I suppose it is of utmost importance that a teacher/lecturer/professor offers students constructive comments when marking their papers. Just as, when I was an undergraduate, I always hoped to receive from professors remarks on merits and shortcomings of my writings as well as instructions on how to improve them, so would my students, I believe, expect from me more practical comments on their term papers apart from the two-digit marks.
I have been reading and grading students coursework, 40 ten-page papers in total, during the Chinese New Year, which is still within the mourning period for Grandpa. Partly because of the aforementioned belief and partly because of the problem of obsessive-compulsive personality disorder (OCPD), I felt compelled to offer at least 200 characters (actually twice the amount most of the time, i.e. half an A4 page) for each paper in a well-written manner. Thus, I worked even on the eve, first day and second day of the new year and finished the task on the third day of the new year.

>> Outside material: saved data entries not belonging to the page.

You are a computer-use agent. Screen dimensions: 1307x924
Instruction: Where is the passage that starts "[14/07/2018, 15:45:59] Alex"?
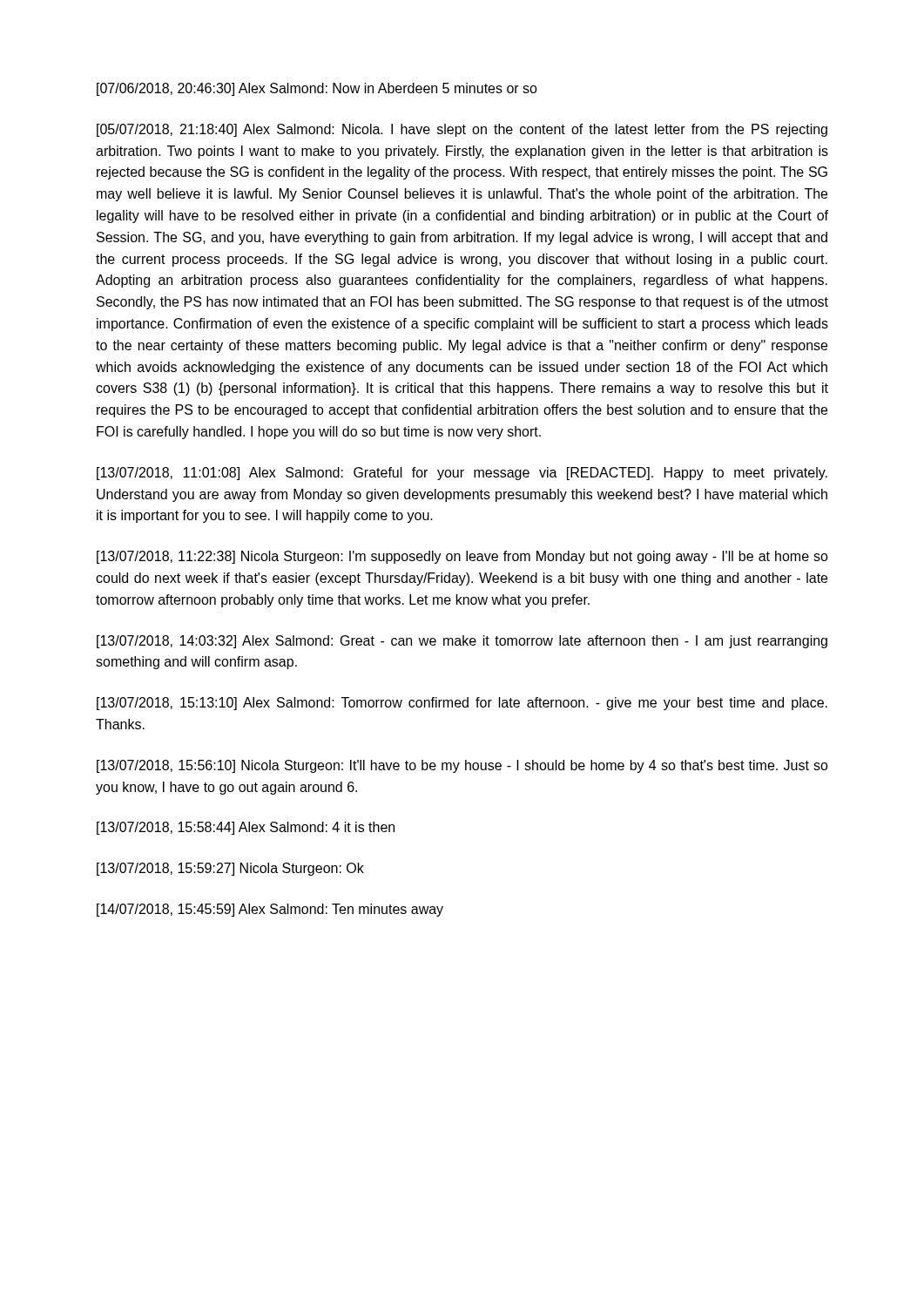tap(270, 909)
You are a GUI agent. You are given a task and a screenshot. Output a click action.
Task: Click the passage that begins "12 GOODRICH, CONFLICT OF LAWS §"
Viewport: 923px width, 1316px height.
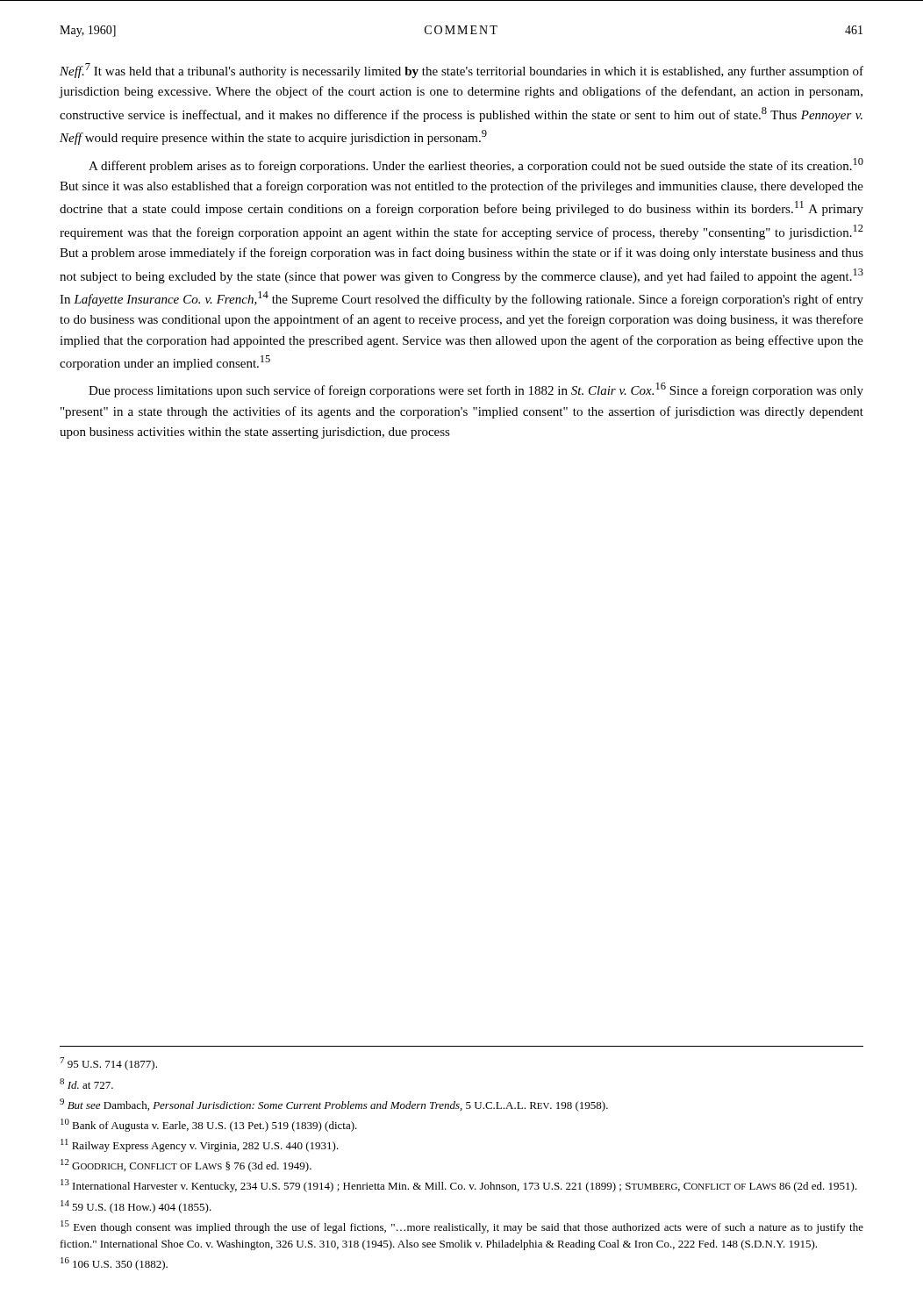click(186, 1165)
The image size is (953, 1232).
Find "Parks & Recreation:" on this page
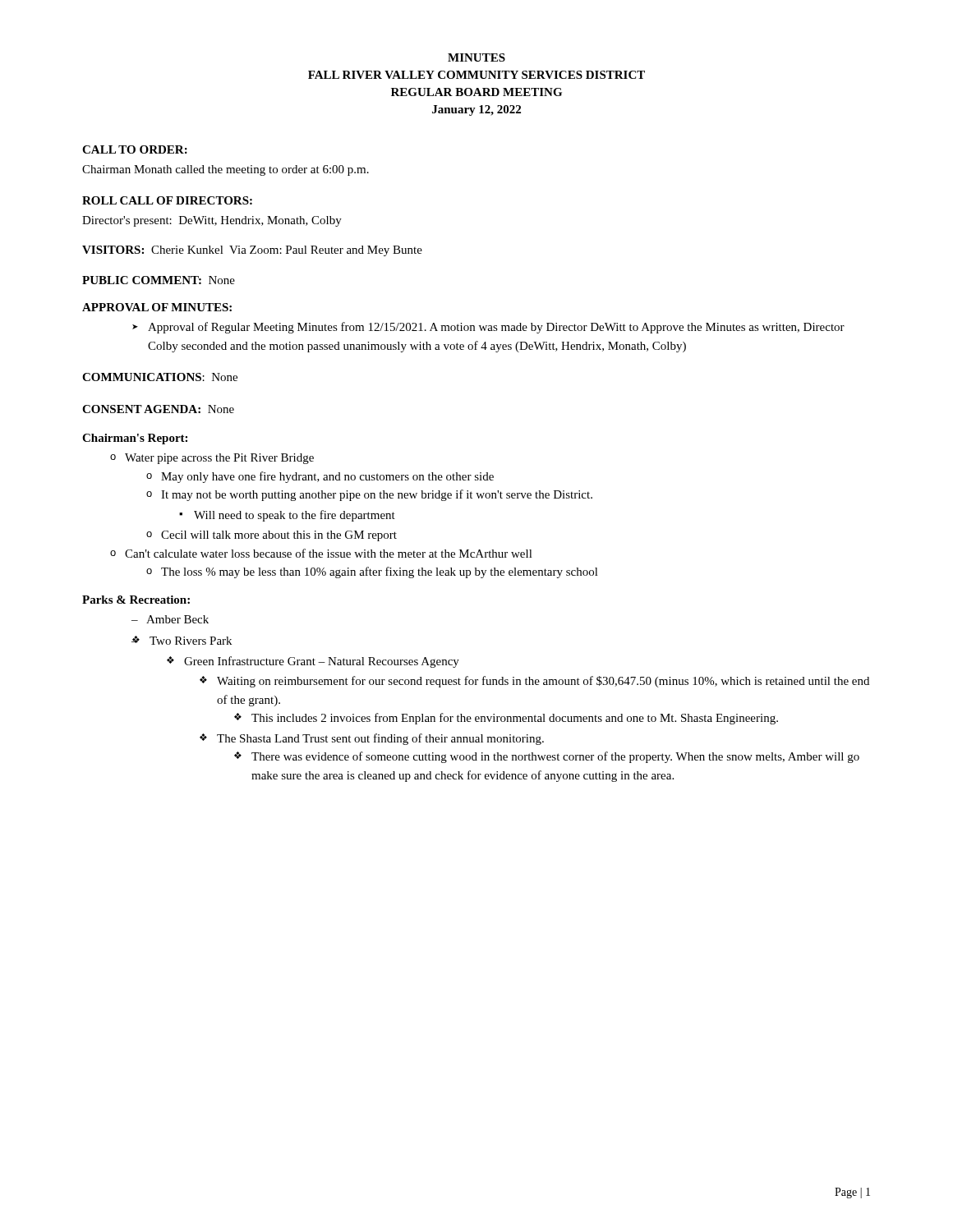pyautogui.click(x=136, y=599)
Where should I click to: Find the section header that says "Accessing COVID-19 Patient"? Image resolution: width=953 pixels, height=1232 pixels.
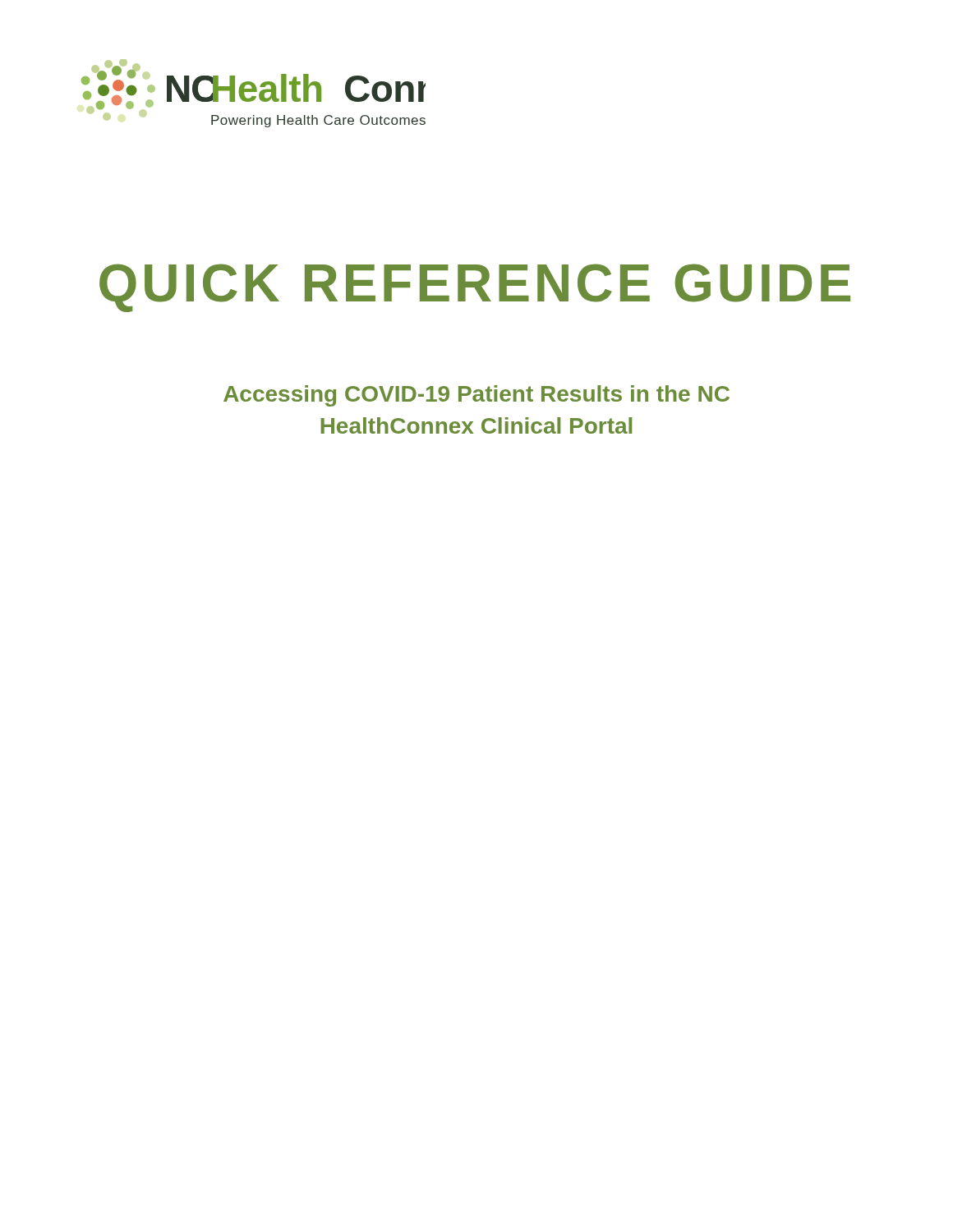476,410
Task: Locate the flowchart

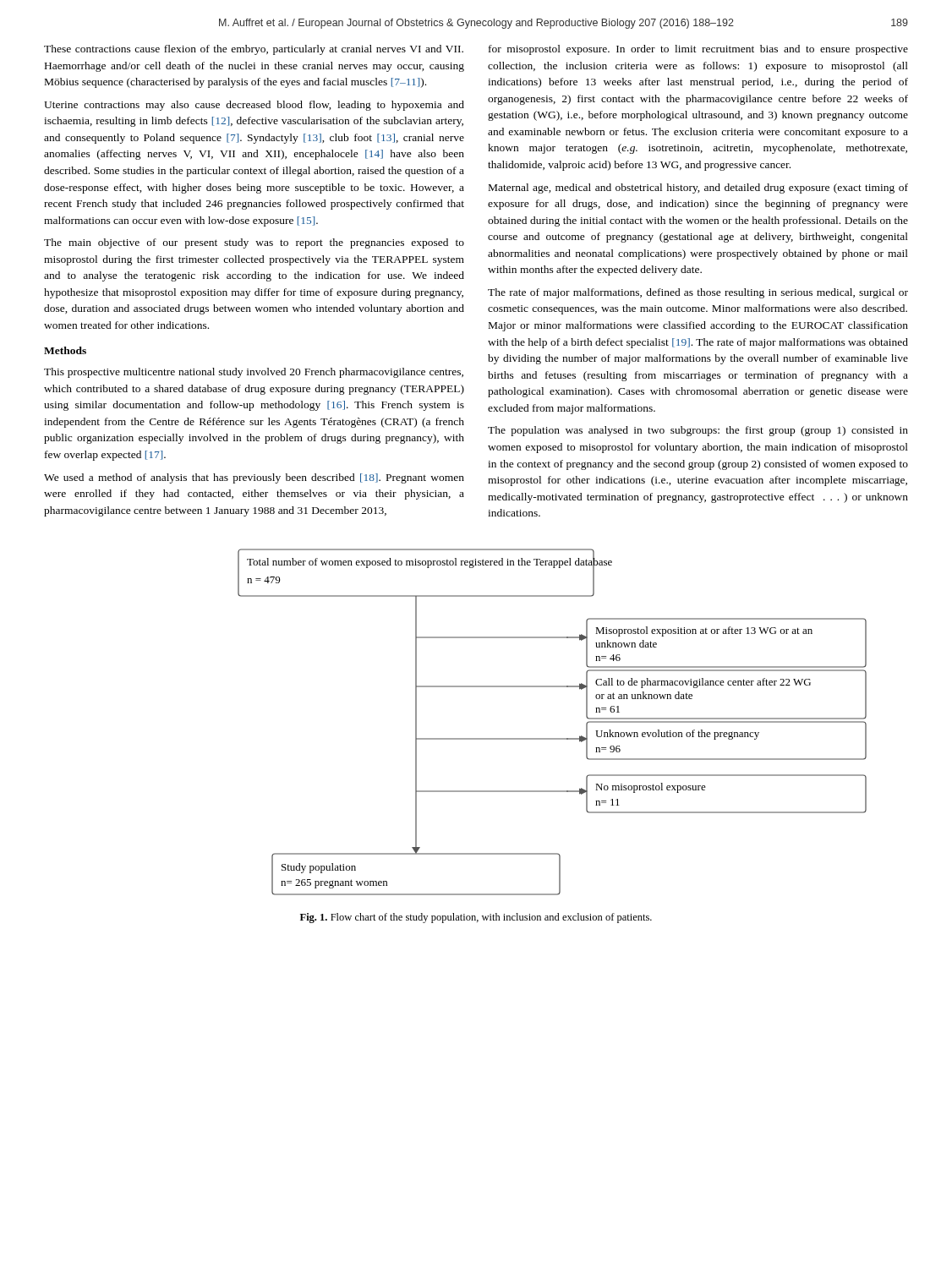Action: (476, 724)
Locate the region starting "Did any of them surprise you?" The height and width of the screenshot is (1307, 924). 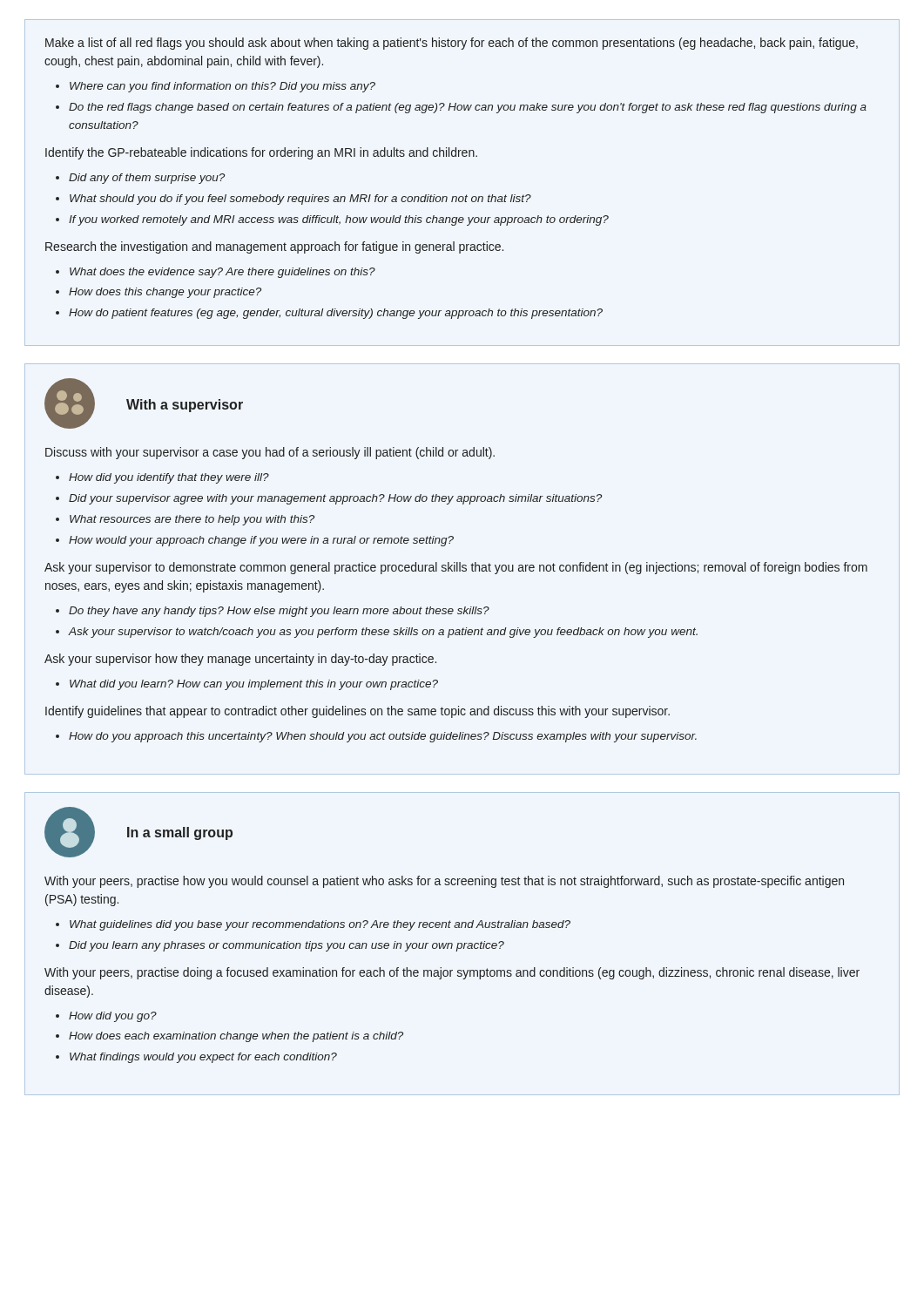tap(147, 177)

Plagiarism is always the problem. It is nowadays all too convenient to google, copy and paste, without further assessing the validity, credibility and authority of online information. While some of the students would rephrase what they found to avoid the unpardonable crime of 'copy-and-paste', others simply assume that a lecture or professor is too busy to surf through the Internet and thus so oblivious to what has been posted in the cyber world.
I wonder whose responsibility it should be to teach those undergraduates how to rephrase, to quote and to include all required information in footnotes or endnotes as well as in the bibliography. Should I, a part-time assistant professor and post-doctoral fellow, reserve ten minutes at the end of every lecture to introduce academic writing–Lesson One: Plagiarism Is A Crime?
Nevertheless, I am really delighted to see those who have made the most of my office hours complete their coursework and turn in good papers. I am particularly happy to know how much a student from the medical school, who started playing the Western classical violin since the age of 3, has learnt a lot through coursework as to how the violin, its music styles, fingering techniques and holding positions vary in different musical cultures around the globe.
(Holing positions of the violin in South Indian, top, and Morocco, bottom, demonstrated by Tiffanywan, photos reproduced from coursework)
Two terms after I started the course at National Taiwan University, I am glad to see some of my students truly come to know how to appreciate various musical cultures around the globe.